Self-Filtering: A Noise-Aware Sample Selection for Label Noise with Confidence Penalization
This addresses label noise in machine learning, which is a common issue in real-world datasets, but the approach is incremental as it builds on existing sample selection methods.
The paper tackles the problem of label noise in robust learning by proposing Self-Filtering (SFT), a sample selection strategy that uses historical prediction fluctuations to filter noisy examples, avoiding bias from the small-loss criterion and achieving state-of-the-art results on three benchmarks with various noise types.

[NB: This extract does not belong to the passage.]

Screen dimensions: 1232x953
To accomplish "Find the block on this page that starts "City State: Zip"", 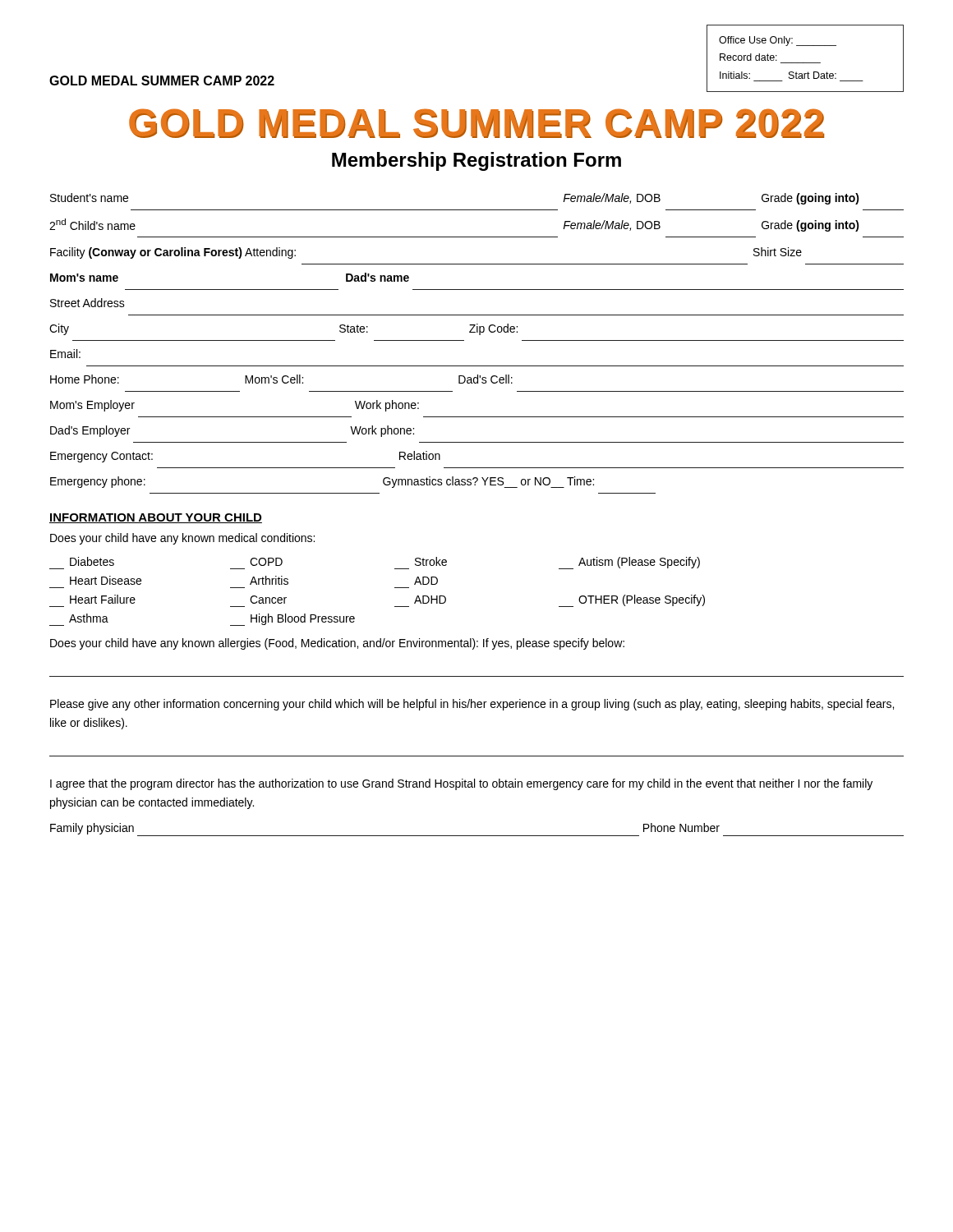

Sample selection is an effective strategy to mitigate the effect of label noise in robust learning. Typical strategies commonly apply the small-loss criterion to identify clean samples. However, those samples lying around the decision boundary with large losses usually entangle with noisy examples, which would be discarded with this criterion, leading to the heavy degeneration of the generalization performance. In this paper, we propose a novel selection strategy, \textbf{S}elf-\textbf{F}il\textbf{t}ering (SFT), that utilizes the fluctuation of noisy examples in historical predictions to filter them, which can avoid the selection bias of the small-loss criterion for the boundary examples. Specifically, we introduce a memory bank module that stores the historical predictions of each example and dynamically updates to support the selection for the subsequent learning iteration. Besides, to reduce the accumulated error of the sample selection bias of SFT, we devise a regularization term to penalize the confident output distribution. By increasing the weight of the misclassified categories with this term, the loss function is robust to label noise in mild conditions. We conduct extensive experiments on three benchmarks with variant noise types and achieve the new state-of-the-art. Ablation studies and further analysis verify the virtue of SFT for sample selection in robust learning.